Work to boost the quantity and quality of recyclate coming out of high-rise blocks of flats will be evaluated and published by the autumn.
Resource London, the partnership programme between the London Waste & Recycling Board (Lwarb) and WRAP, has been looking at ways to improve the recycling rates of flats, with qualitative research into how flat-dwellers view recycling, and the issues and pressures they face.
It has been collaborating with Peabody Housing Association, and has already published a number of key insights into the work under the Recycling in Real Life study for local authorities and suggested interventions.
These included: providing tenant recycling packs; emotive messaging in communal areas to motivate people to recycle; more smaller recycling bins; feedback mechanisms to show residents their efforts were appreciated; and in-home waste storage solutions.
Baseline recycling figures for the 12 housing estates across the six inner London boroughs included in the study were just 10.7% once contamination had been removed. However, Resource London will be following up what impact its interventions have made, with results due out in August/September.
Lwarb head of communications Ali Moore said: “A high percentage of all the new building that is being applied for through City Hall are high rise flats and we know they are really difficult to get recycling out of.
“Some boroughs have housing that is already more than 80% flats. In other areas, such as in the suburbs, this is still likely to be approaching 40%.

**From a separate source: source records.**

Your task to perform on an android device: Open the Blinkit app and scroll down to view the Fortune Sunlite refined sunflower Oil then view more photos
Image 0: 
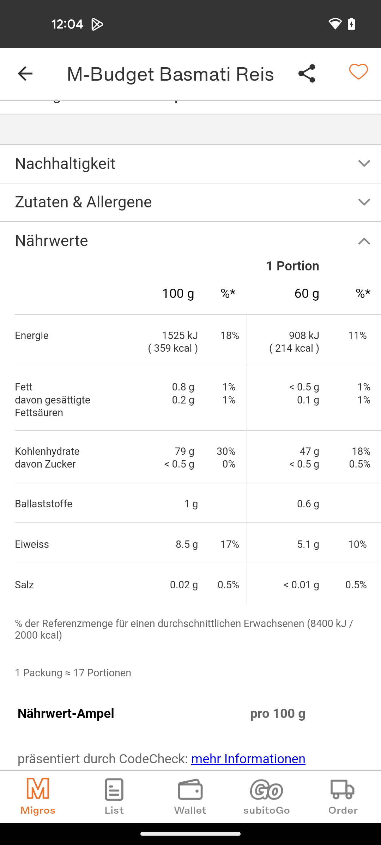
Open Blinkit app
Step 0: open app "Blinkit"
Image 1: 
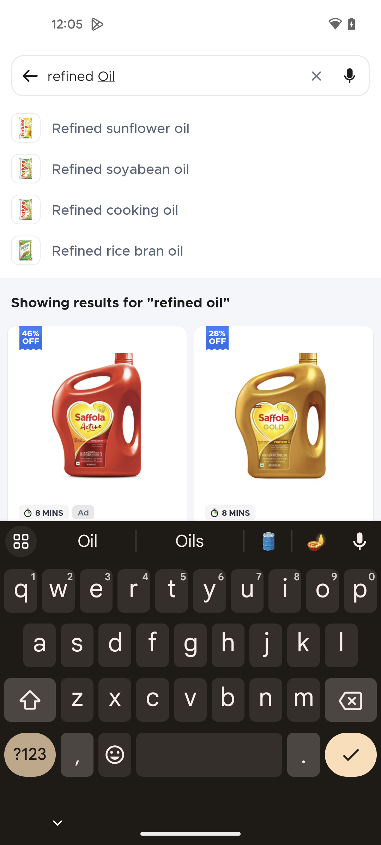
Scroll down to view fortune sunlite refined sunflower oil
Step 1: scroll down
Image 2: 
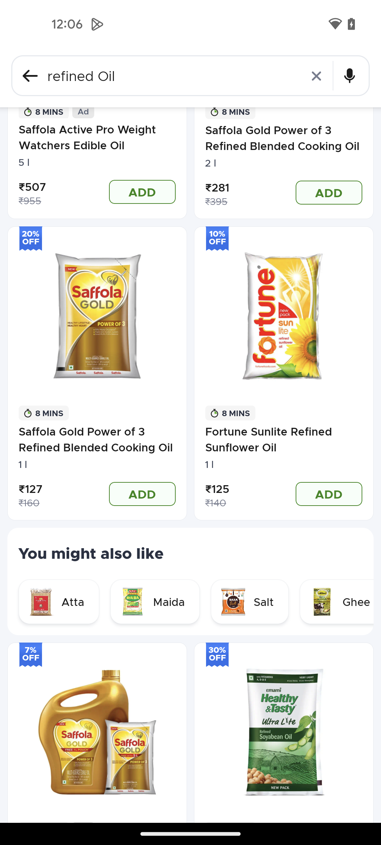
Click on the fortune sunlite refined sunflower oil
Step 2: click (283, 316)
Image 3: 
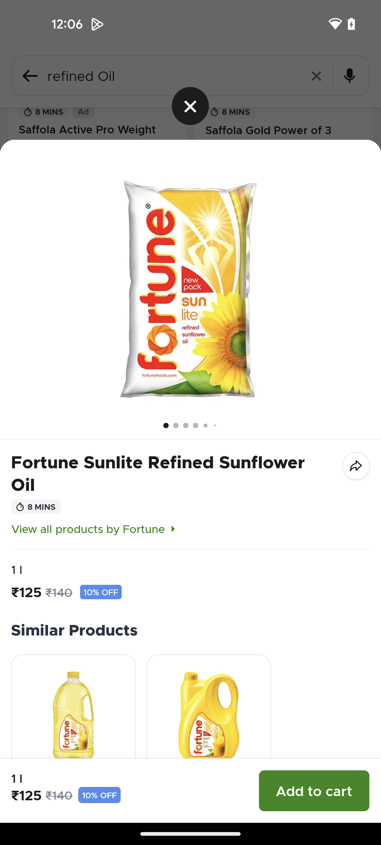
Swipe left to view more photos
Step 3: scroll right
Image 4: 
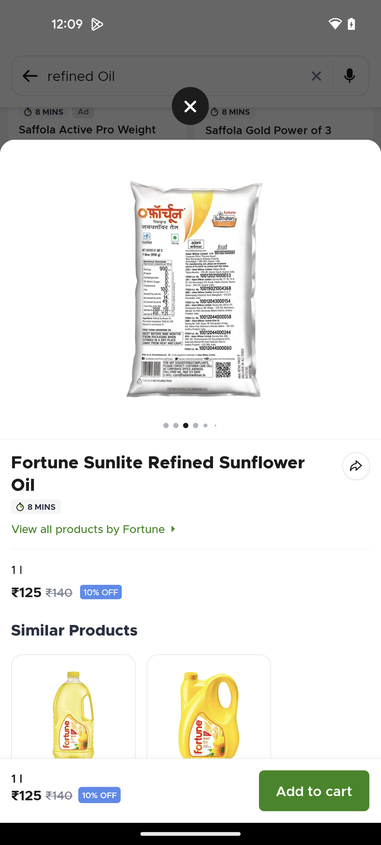
Swipe left to view more photos
Step 4: scroll right
Image 5: 
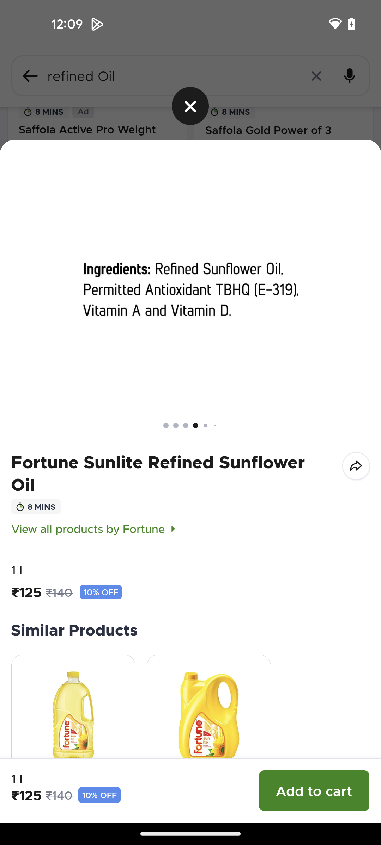
Swipe left to view more photos
Step 5: scroll right

“It is an increasing problem and, when flats [produce] significantly less recycling, it’s a big issue.”
Moore said the problem was high-rises producing low quantities and poor quality recycling, and little “robust” work had been done previously in this area.

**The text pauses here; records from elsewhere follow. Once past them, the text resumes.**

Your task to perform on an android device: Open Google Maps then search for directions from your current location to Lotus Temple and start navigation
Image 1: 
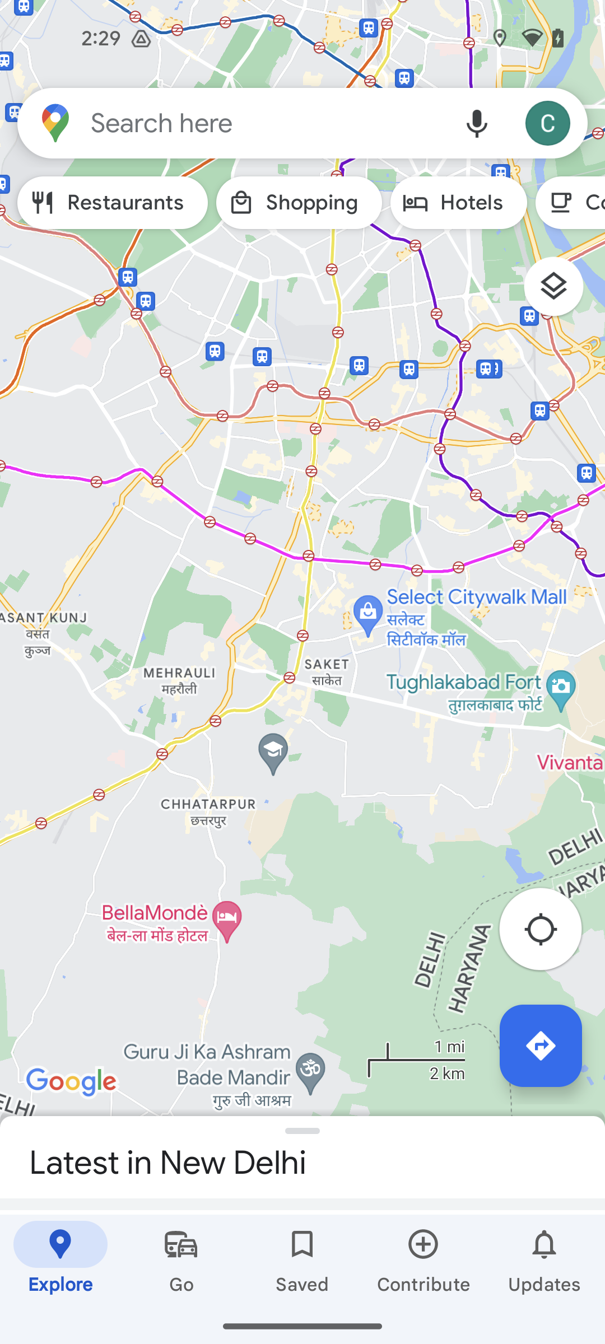
Go to the search bar at the top of the screen
Step 1: click (266, 123)
Image 2: 
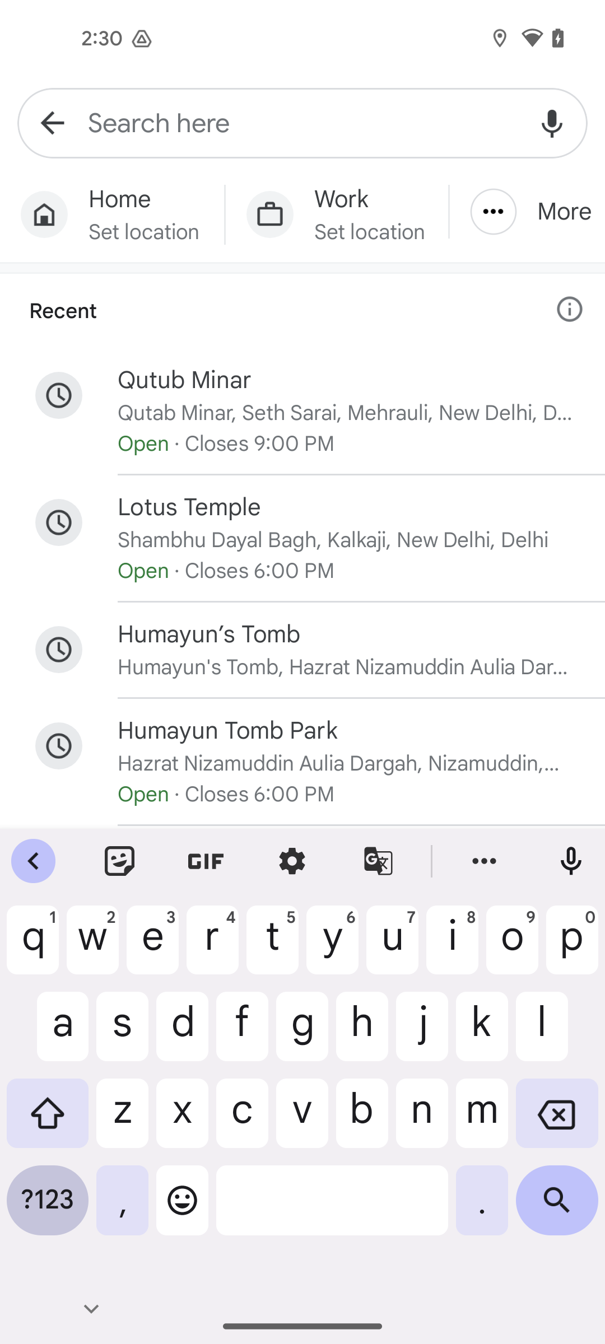
Search for Lotus temple
Step 2: type "Lotus temple"
Image 3: 
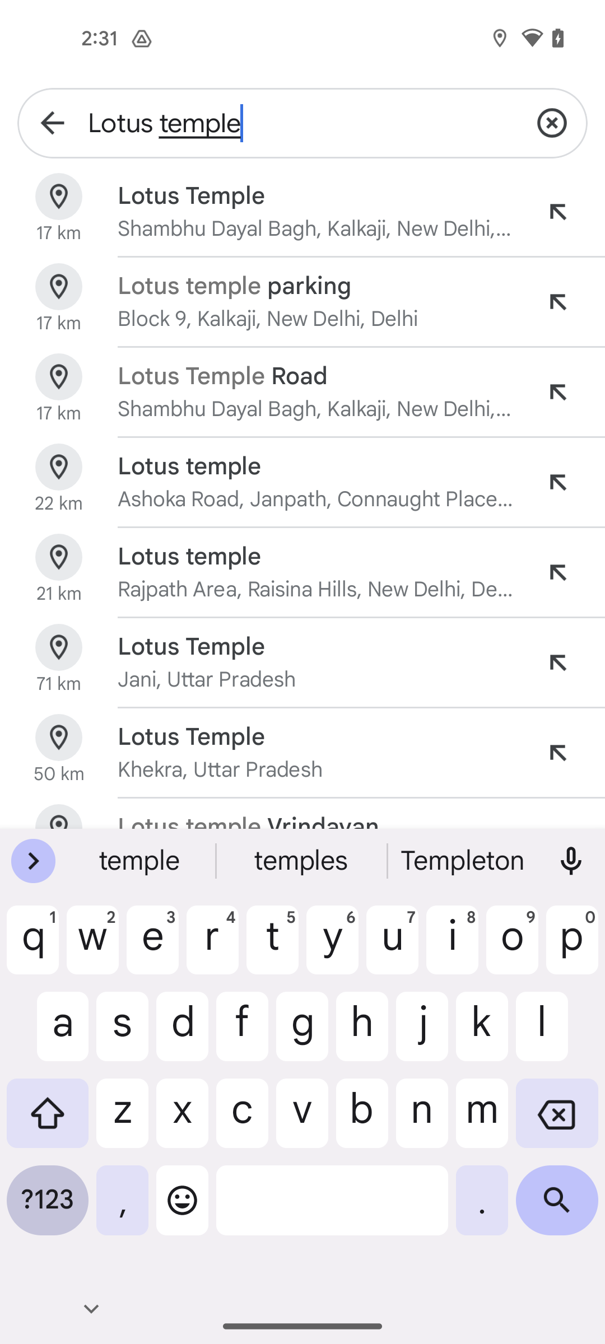
Click on the search icon at the bottom right corner of the screen
Step 3: click (557, 1208)
Image 4: 
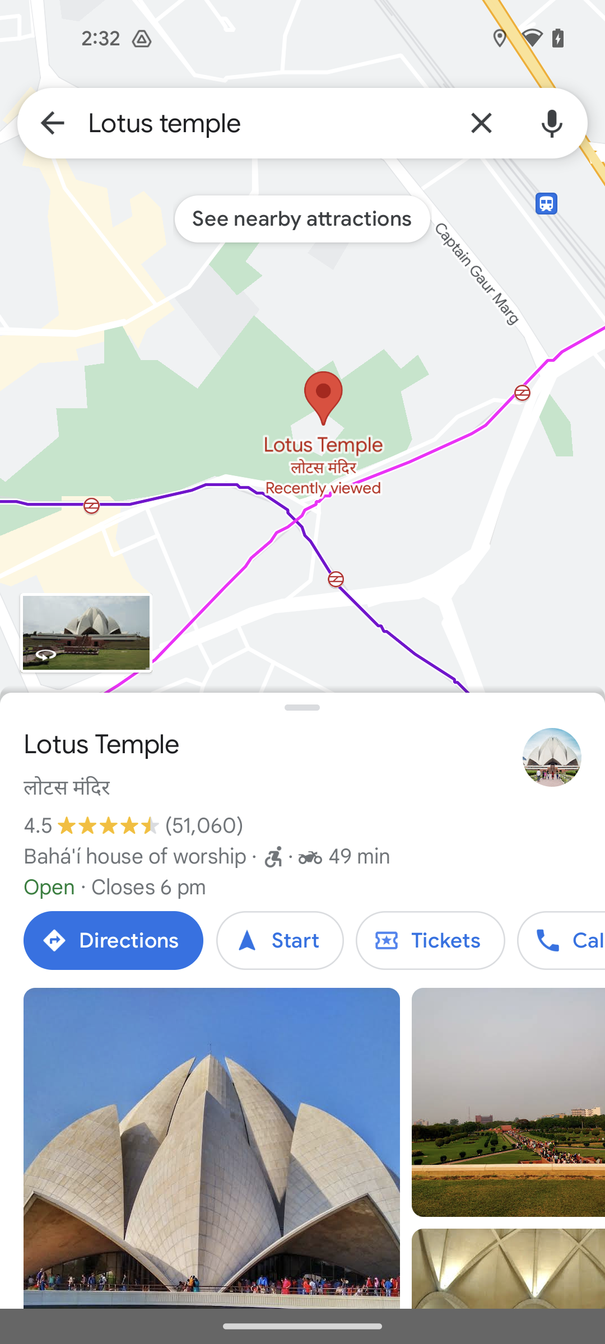
Click on the Start option
Step 4: click (280, 940)

There were three phases to Resource London’s work. In the first stage, 32 people submitted written tasks, selfie videos and photos to the research teams. Four respondents then took part in a remote observational study, involving placing two webcams in their kitchens for up to two weeks. Finally, 16 face-to-face interviews were carried out, looking at a range of issues such as weekly routines, social groups, recycling practices and bin journeys.